▸ Activity: The records below are to be restated word for word, with every picture left out.

·····

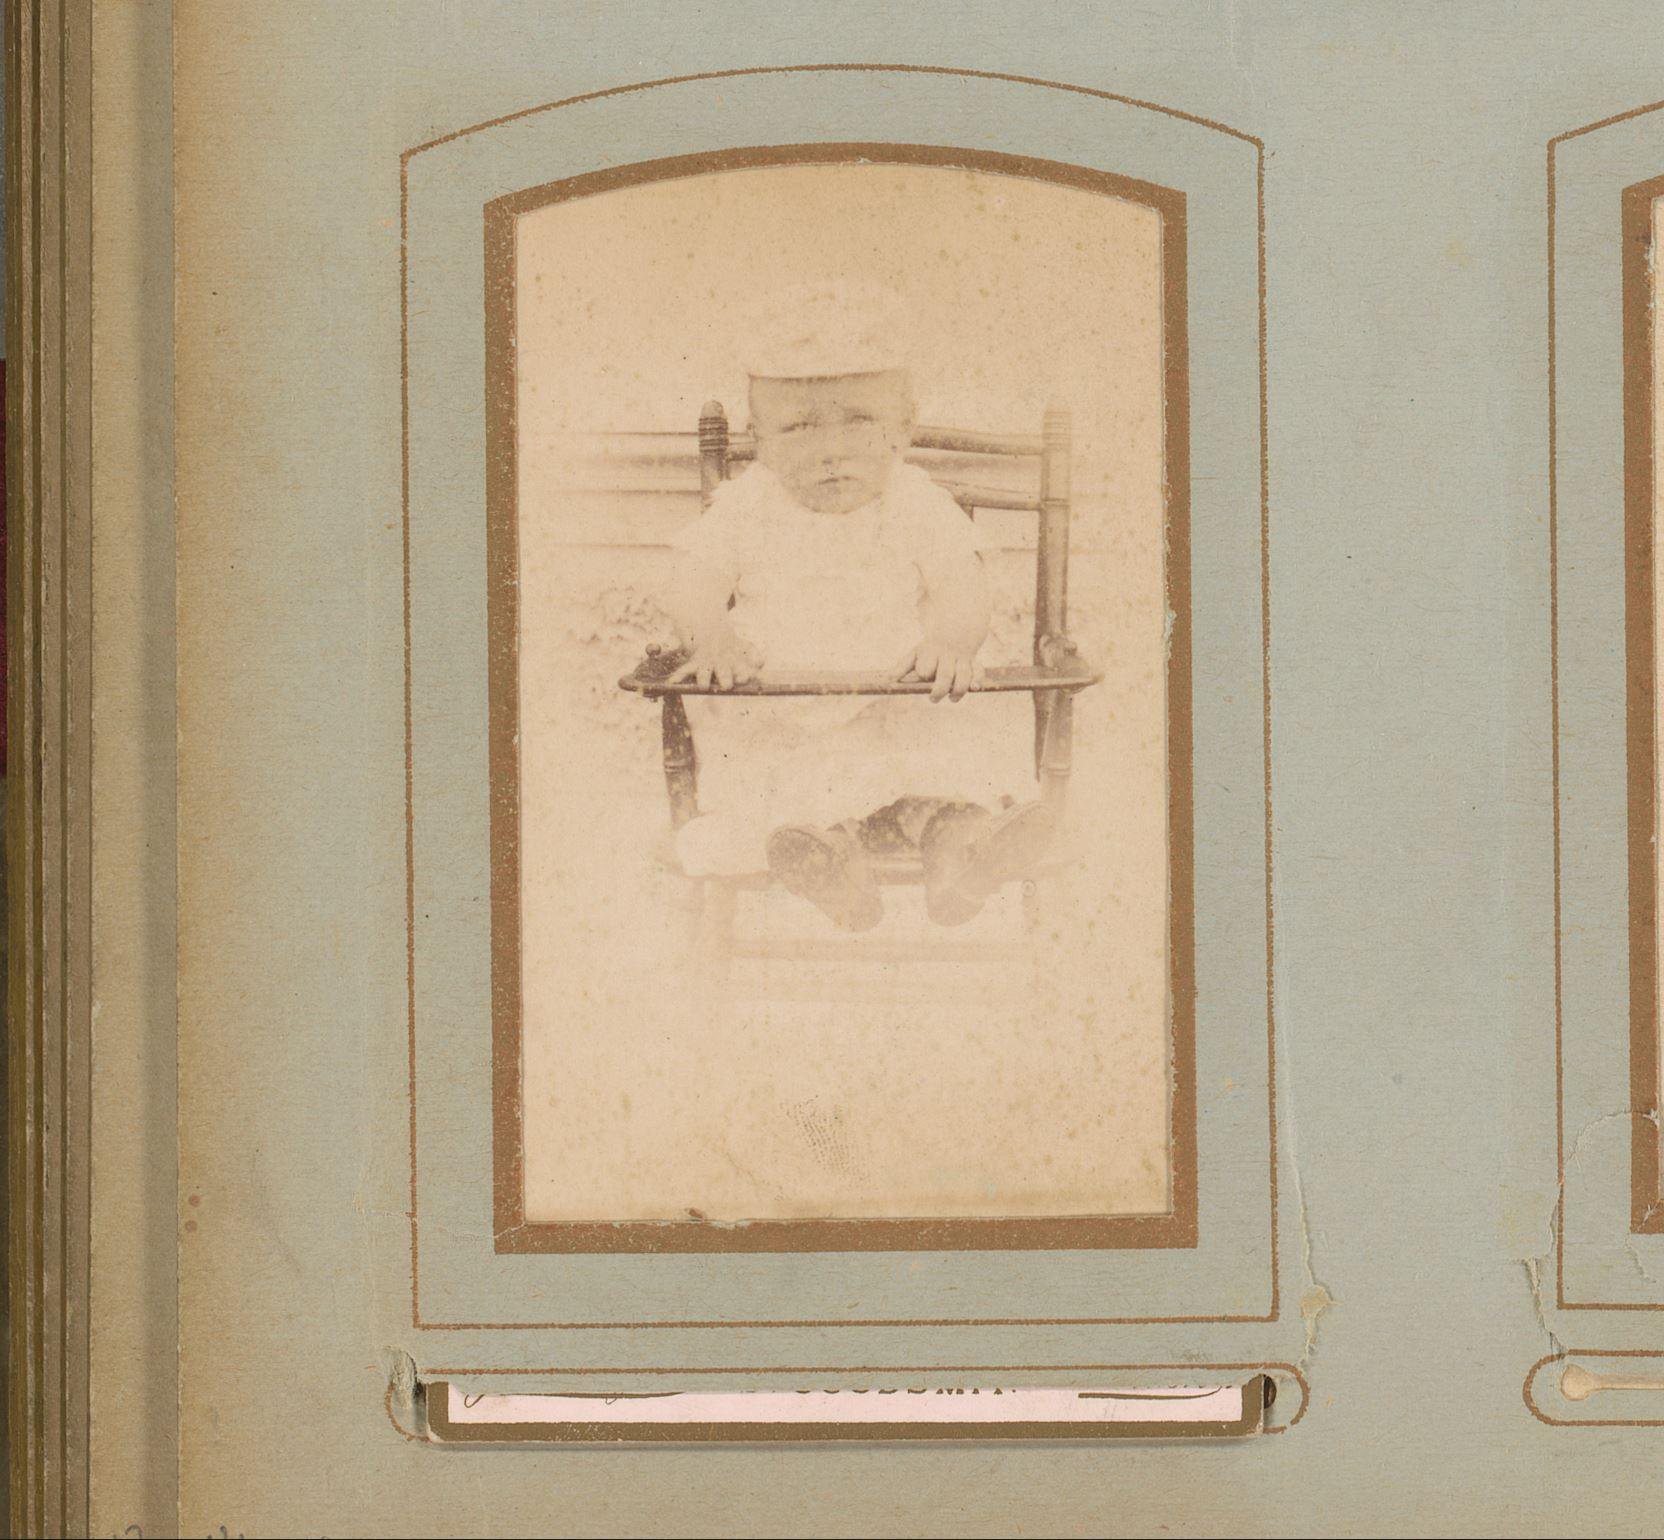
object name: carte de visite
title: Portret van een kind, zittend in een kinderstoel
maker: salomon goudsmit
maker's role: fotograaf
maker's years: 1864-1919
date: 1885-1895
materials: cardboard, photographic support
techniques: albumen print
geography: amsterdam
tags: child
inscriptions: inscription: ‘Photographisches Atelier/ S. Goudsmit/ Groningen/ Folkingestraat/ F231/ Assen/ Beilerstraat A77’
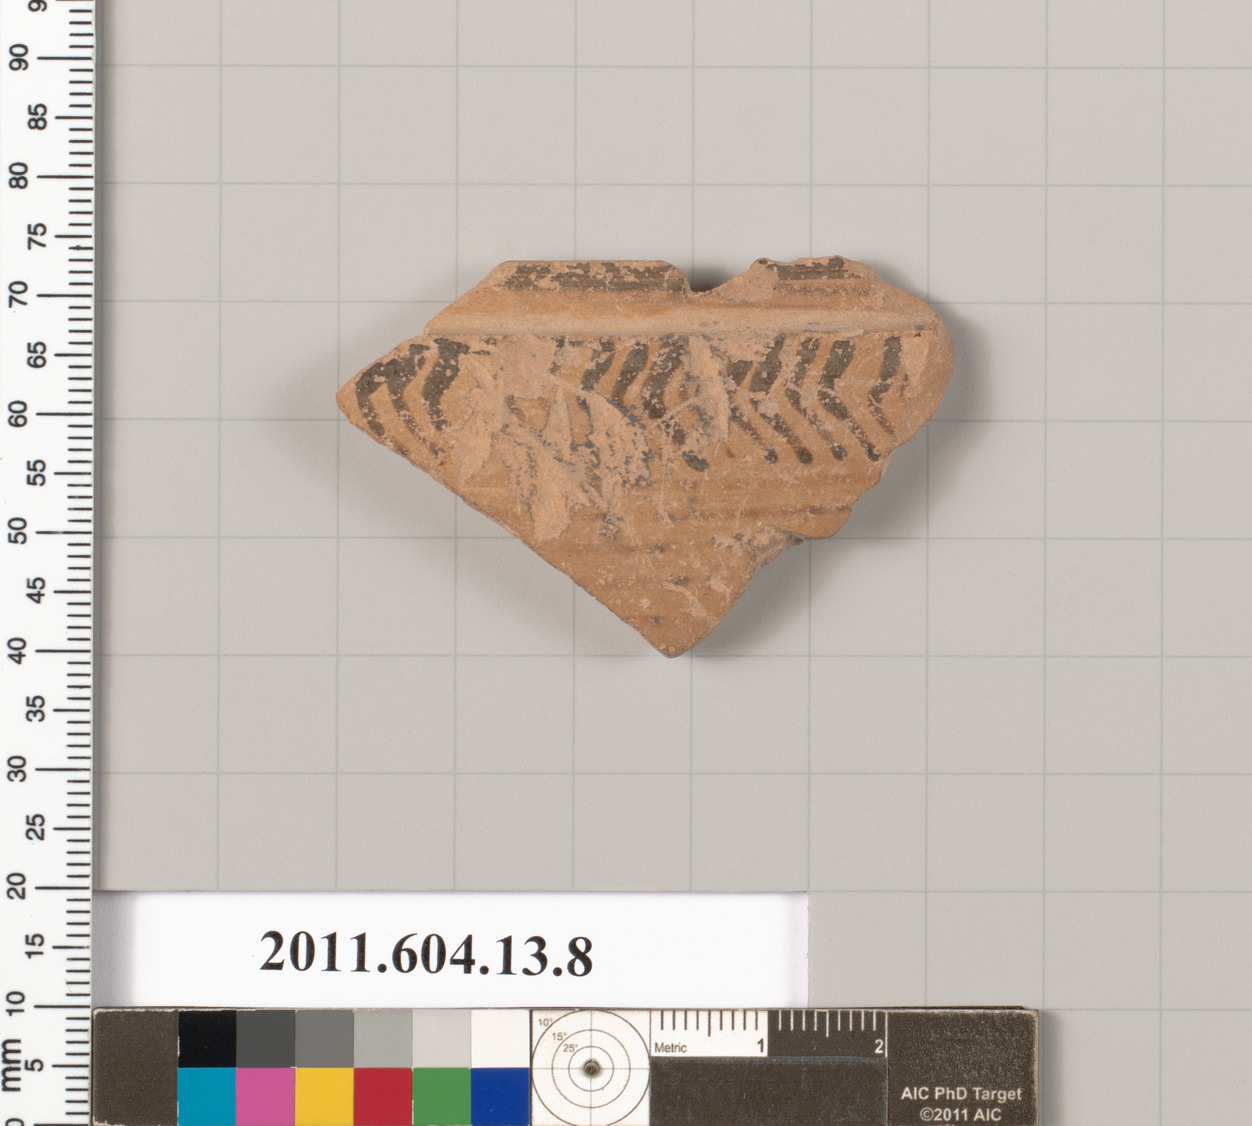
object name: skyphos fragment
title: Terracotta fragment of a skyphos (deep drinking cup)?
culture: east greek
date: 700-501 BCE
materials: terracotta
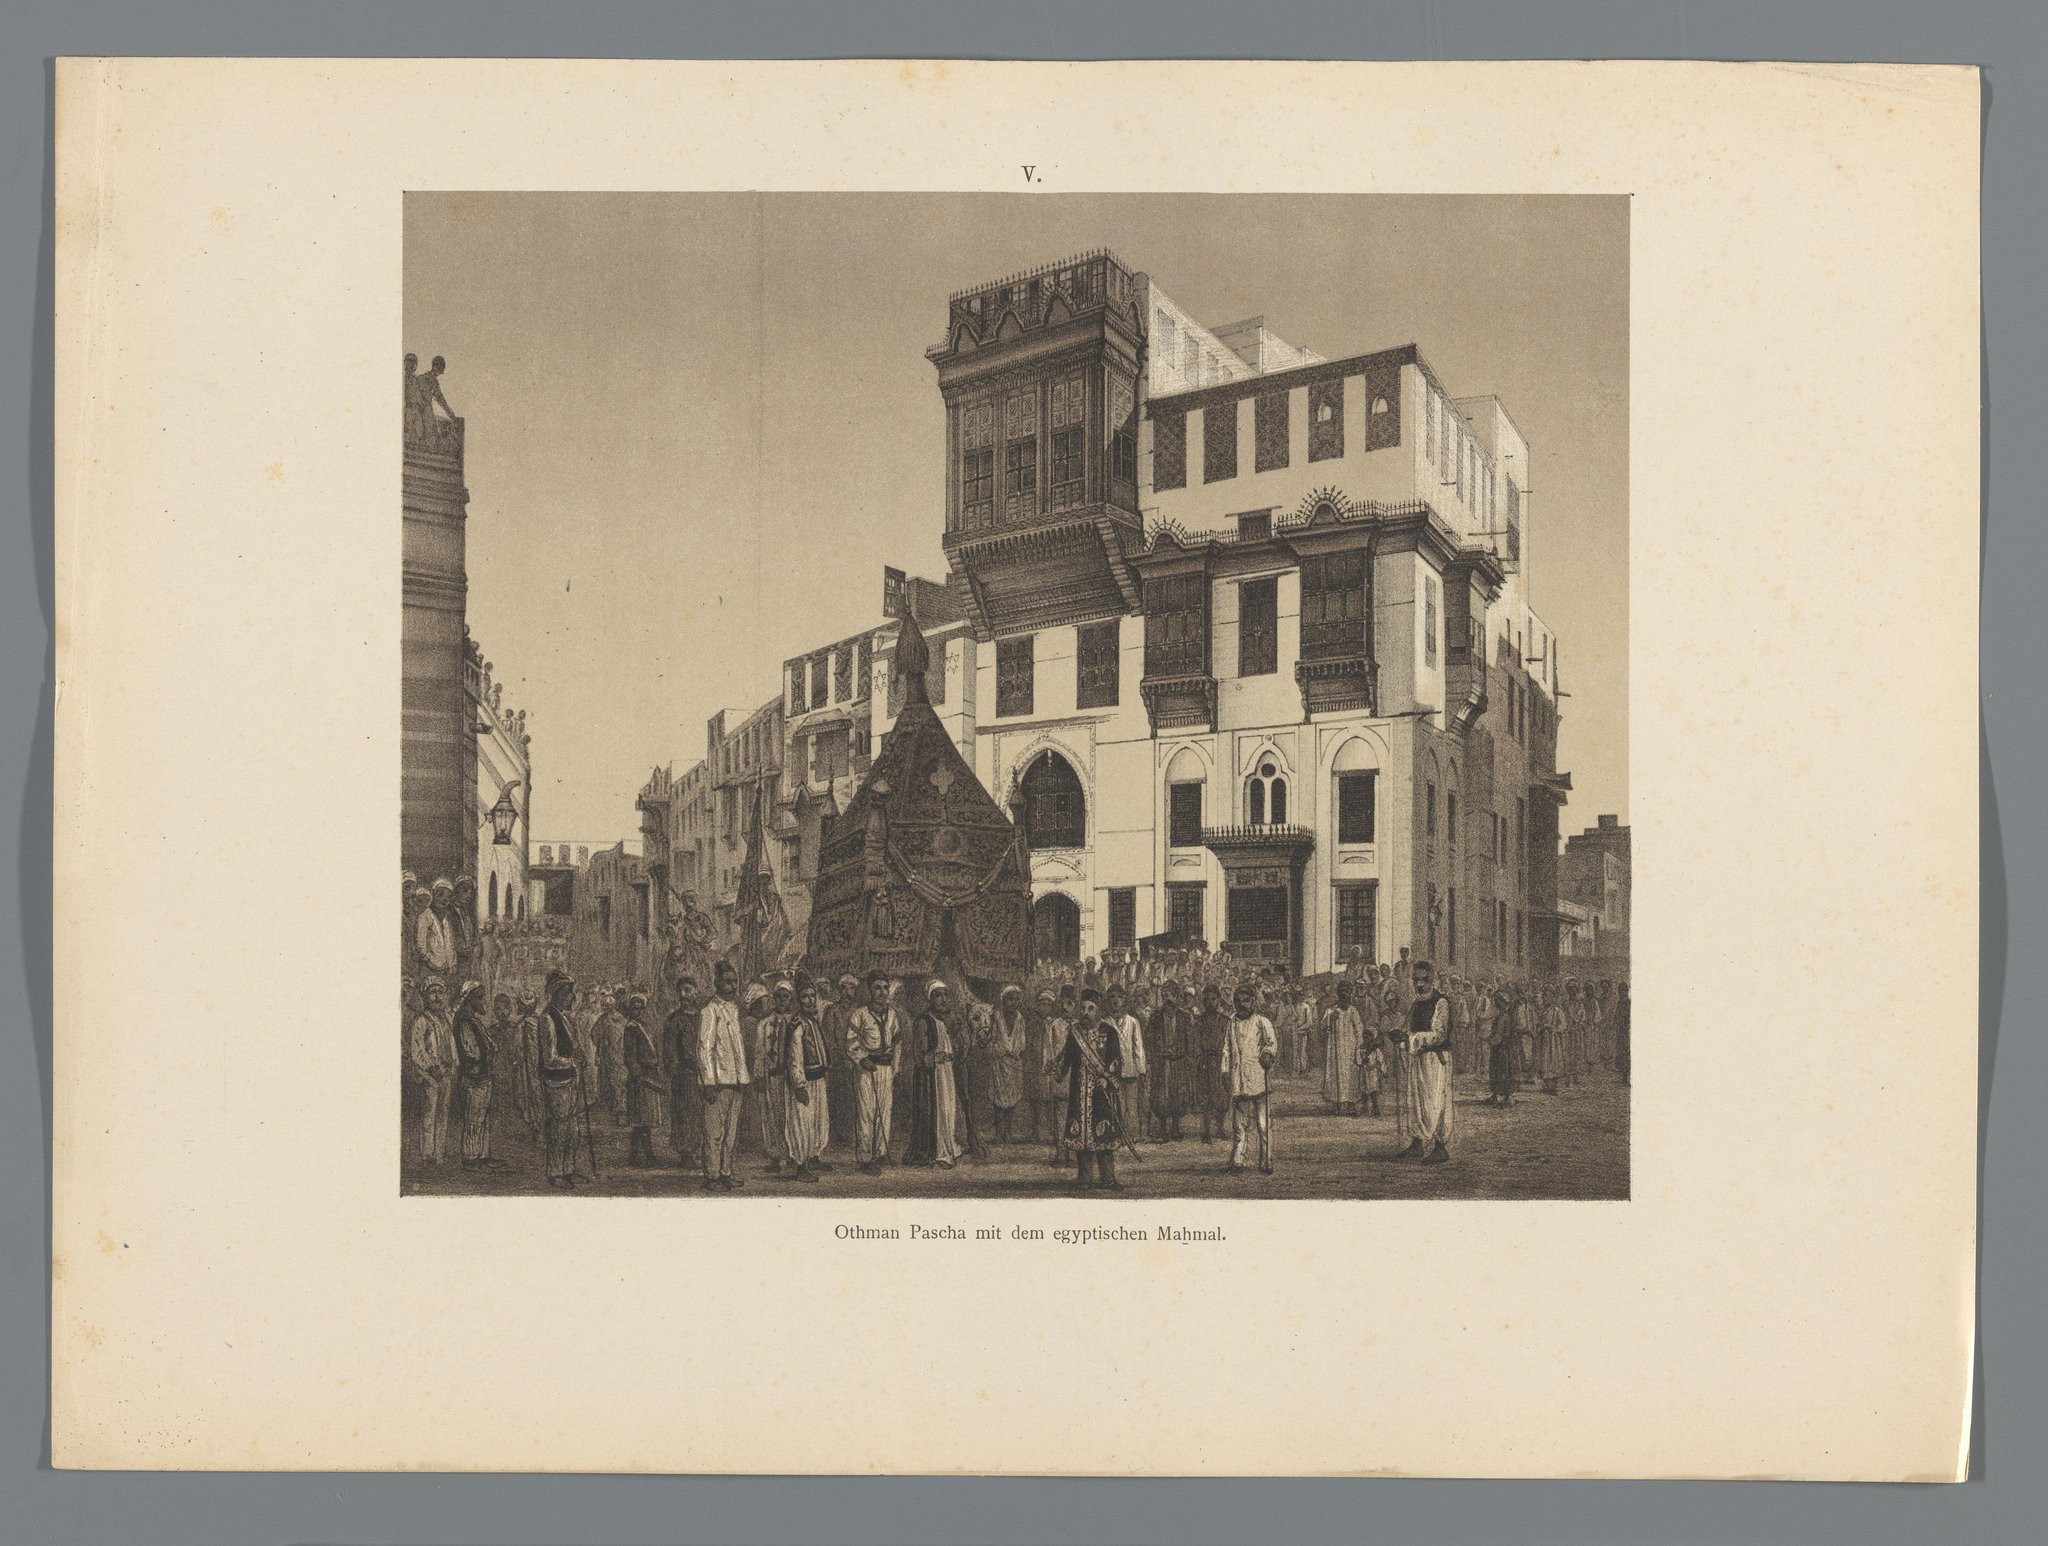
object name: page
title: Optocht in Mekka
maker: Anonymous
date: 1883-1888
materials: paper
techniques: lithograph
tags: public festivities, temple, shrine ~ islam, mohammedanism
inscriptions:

·····

▸ Response below:
object name: carte de visite
title: Portret van een kind, zittend in een kinderstoel
maker: salomon goudsmit
maker's role: fotograaf
maker's years: 1864-1919
date: 1885-1895
materials: cardboard, photographic support
techniques: albumen print
geography: amsterdam
tags: child
inscriptions: inscription: ‘Photographisches Atelier/ S. Goudsmit/ Groningen/ Folkingestraat/ F231/ Assen/ Beilerstraat A77’
object name: skyphos fragment
title: Terracotta fragment of a skyphos (deep drinking cup)?
culture: east greek
date: 700-501 BCE
materials: terracotta
object name: page
title: Optocht in Mekka
maker: Anonymous
date: 1883-1888
materials: paper
techniques: lithograph
tags: public festivities, temple, shrine ~ islam, mohammedanism
inscriptions:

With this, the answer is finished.